On the 23th of October I will be presenting the paper "LOD Laundromat: A Uniform Way of Publishing Other People's Dirty Data" at this year's International Semantic Web Conference (ISWC).
The paper is about the LOD Laundromat, whose purpose is to clean and disseminate all Linked Open Data (LOD) in a standards-compliant way, in a single format and in a single location.
The LOD Washing Machine, which performs the data cleaning process, was written in SWI-Prolog 7 and makes use of the various Semweb libraries.
The LOD Laundromat has currently been able to distill over 13 billion triples from thousands of datasets.
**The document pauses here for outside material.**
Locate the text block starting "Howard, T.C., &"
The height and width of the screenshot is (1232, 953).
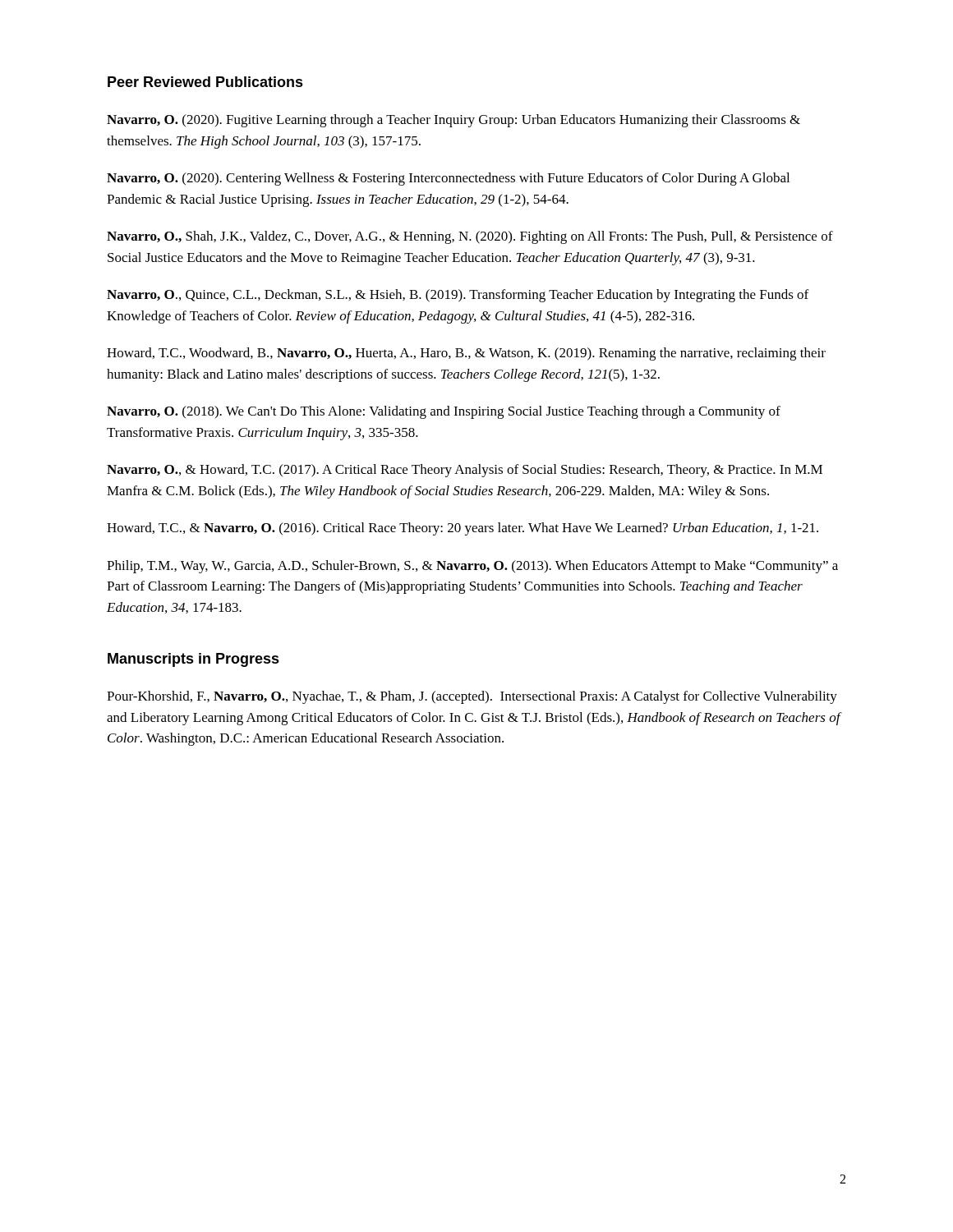[463, 528]

When loading so many datasets we came across many idiosyncrasies:
- missing archive headers,
- RDF/XML documents with multiple roots,
- RDFa embedded in HTML without version declaration,
- File extensions / HTTP
Content-Typevalues that are not indicative of the serialization format used,
- undefined RDF prefixes,
- very many syntax errors (e.g., unescaped newlines in literals in N-Triples),
Both due to the scale and the occurrence of such corner cases we were able to detect several bugs/limitations/memory leaks in the Semweb libraries that would not have come up quickly during 'normal use' or by processing the limited set of W3C test cases.
I believe that with the LOD Laundromat we have shown that Semweb is now a very mature library collection. My thanks go to Jan and the other authors for making this project succeed!